Hollier went on to describe how tangled Louisiana’s privatized safety net hospitals are in areas of the budget that remain public — particularly how the state trains the next generation of doctors. Both higher education and health care rely heavily on federal dollars, and Hollier was able to articulate better than anyone how cutting state funding would put additional federal dollars at risk, as well as the fragile contracts of the new safety net hospitals that replaced the state’s former charity system under Jindal.


Senate Finance Chairman Eric LaFleur, R-Ville Platte, found Hollier’s testimony so compelling, he brought Hollier back a second day along with the chancellor of Shreveport’s medical school, Dr. G.E. Ghali. It was designed to put an exclamation point on the earlier testimony, but also to telegraph to members of the House of Representatives how serious the situation was.
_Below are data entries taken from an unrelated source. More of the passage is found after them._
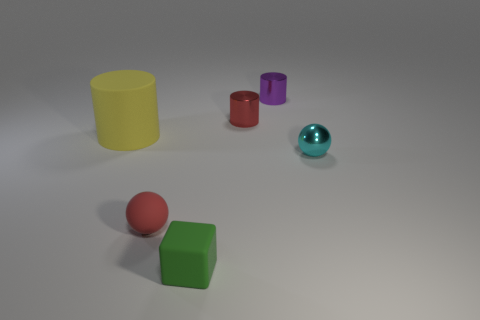Add 3 matte spheres. How many objects exist? 9 Subtract all balls. How many objects are left? 4 Subtract 0 green spheres. How many objects are left? 6 Subtract all big cylinders. Subtract all tiny cyan spheres. How many objects are left? 4 Add 6 metallic cylinders. How many metallic cylinders are left? 8 Add 3 small red cylinders. How many small red cylinders exist? 4 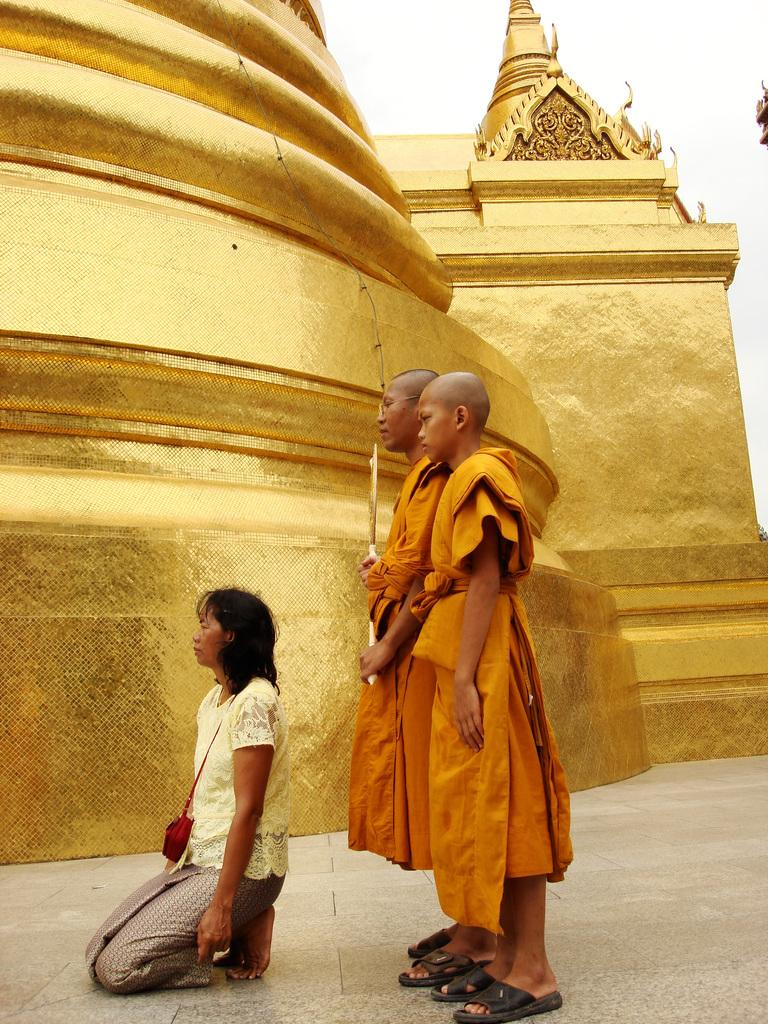How many people are present in the image? There are two people standing in the image. What is the woman in the image doing? The woman is sitting on her knees in the image. What is the woman holding in the image? The woman is holding a wire bag in the image. What can be seen in the background of the image? There is a gold wall and the sky visible in the background of the image. Can you see an aunt holding a zebra in the image? There is no aunt or zebra present in the image. 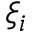<formula> <loc_0><loc_0><loc_500><loc_500>\xi _ { i }</formula> 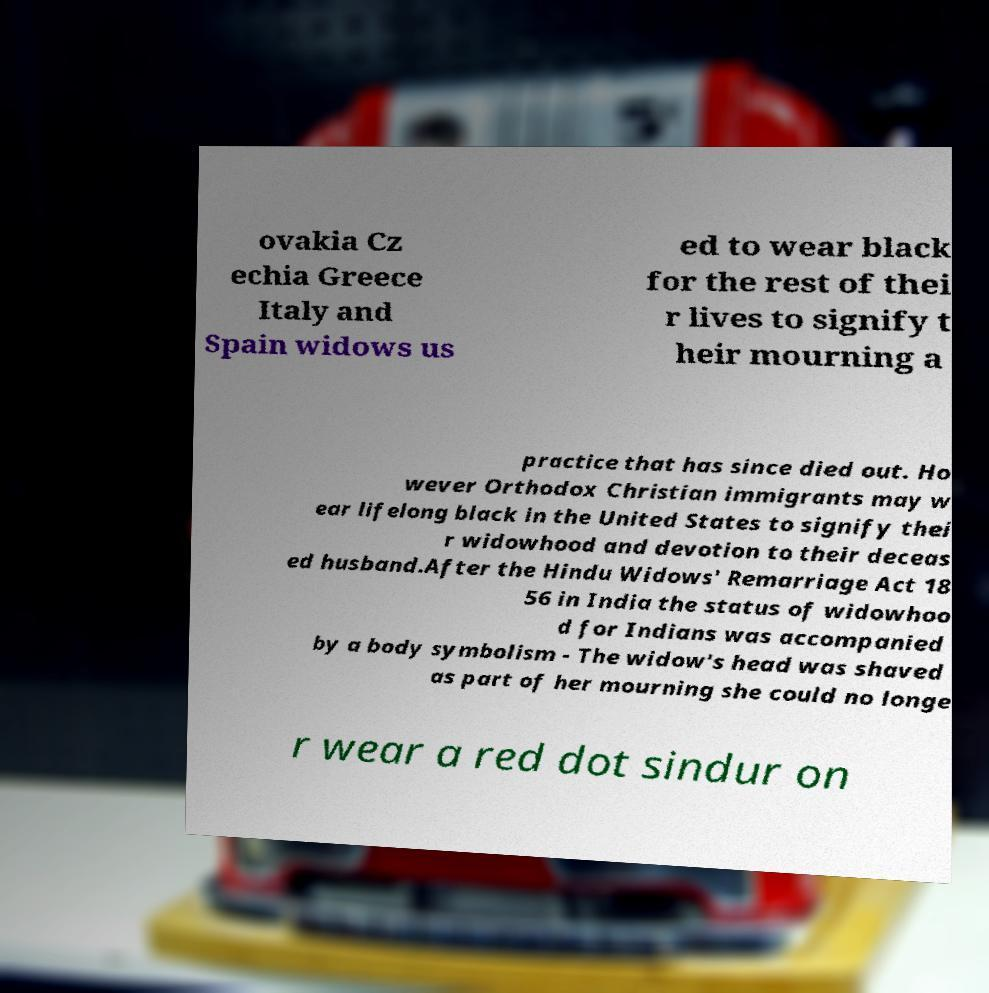Could you extract and type out the text from this image? ovakia Cz echia Greece Italy and Spain widows us ed to wear black for the rest of thei r lives to signify t heir mourning a practice that has since died out. Ho wever Orthodox Christian immigrants may w ear lifelong black in the United States to signify thei r widowhood and devotion to their deceas ed husband.After the Hindu Widows' Remarriage Act 18 56 in India the status of widowhoo d for Indians was accompanied by a body symbolism - The widow's head was shaved as part of her mourning she could no longe r wear a red dot sindur on 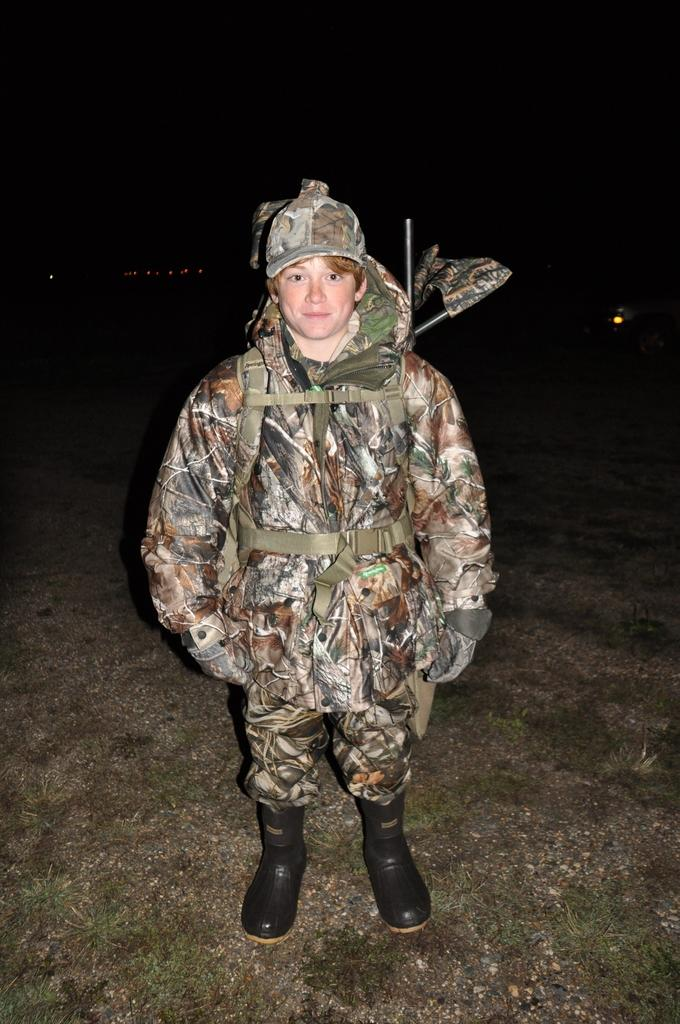What is the main subject of the image? There is a man standing in the image. What is the man standing on? The man is standing on the ground. What is the man wearing? The man is wearing a uniform. What else can be seen in the image besides the man? There are other objects present in the image. How would you describe the background of the image? The background of the image is dark. What type of shoes is the man wearing in the image? The provided facts do not mention any shoes, so we cannot determine the type of shoes the man is wearing. 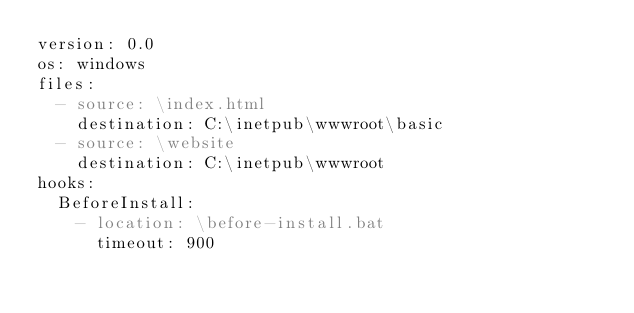Convert code to text. <code><loc_0><loc_0><loc_500><loc_500><_YAML_>version: 0.0
os: windows
files:
  - source: \index.html
    destination: C:\inetpub\wwwroot\basic
  - source: \website
    destination: C:\inetpub\wwwroot
hooks:
  BeforeInstall:
    - location: \before-install.bat
      timeout: 900
</code>

“I don’t think the way that the House conducted their Appropriations meetings — it wasn’t as thorough as our meetings,” LaFleur said. “I just needed to drive the message home.”


After the meetings, LaFleur said he had House members come to him and ask, “‘wait a minute — what are we talking about?’ And ‘how did you do this?’ And ‘we didn’t know this.'”


There was also an educational aspect to Senate Finance’s hearings that was aimed at new members and reminding more seasoned legislators of the complicated nature of the partnerships the state has with private hospitals that treat the poor. Those hospitals receive state and federal dollars (of every $3 spent on the partnerships, the state contributes a little over $1), but they can also walk away from their contracts by giving a 60-day notice.


Most of the nine hospitals that agreed to take over the decades-old charity system did so with reluctance, persuaded more by the fact that treating the poor is part of their mission than the dollars the state was offering. Cutting funding, many hospital CEOs testified, broke a promise the state made to keep a stable stream of funding flowing.

In the end, no private hospital was willing to risk its balance sheet because the state couldn’t meet its obligations.


Some legislators also weren’t aware that public property was tied up in the deal with the hospitals. During one meeting, after CEOs threatened to walk away from their contracts, Senate Finance members were told that as much as $300 million in lease payments that hospitals pay to operate in state-owned buildings could end — and that those lease payments are made a year in advance.


Advance lease payments for real estate are unusual, and such a structure blows a hole in the state’s budget early in the year if they stop. The payments, when they first began, were needed to close past budgets under Jindal’s administration, and Legislators agreed to them.

When told of the deal, freshman legislator Sen. Sharon Hewitt’s face turned ashen. The consequences were now clear.


“I have no words,” Hewitt, R-Slidell, said at the time.


In an interview, Hewitt said that those Senate Finance meetings were indeed a turning point in thinking about how the state spends its money. She realized that much of what had been done before she was elected was far more complex than many people in the state can imagine.


“It became pretty clear through some of the questions that it was a $1 billion hit to us financially if we didn’t find $52 million for DHH to keep the hospitals open,” Hewitt said in an interview. “In the end, it’s all about solving problems. No one wants to raise taxes and we all want to cut unnecessary expenses. But in the end, you have to choose the best solutions available and that’s what you’re seeing.”


Hewitt’s interview happened as the Legislature was voting on hundreds of millions of dollars in taxes. That was uncomfortable, Hewitt said, but it was also alarming to know that before the testimony from health care leaders, the state was poised to make cuts that would have devastated both health care for the poor and the next generation of doctors.

“What seemed like a straightforward cut had consequences that we almost overlooked,” Hewitt said. “Part of that is understanding what’s the line, what’s cut to the bone and what you just can’t cut anymore.”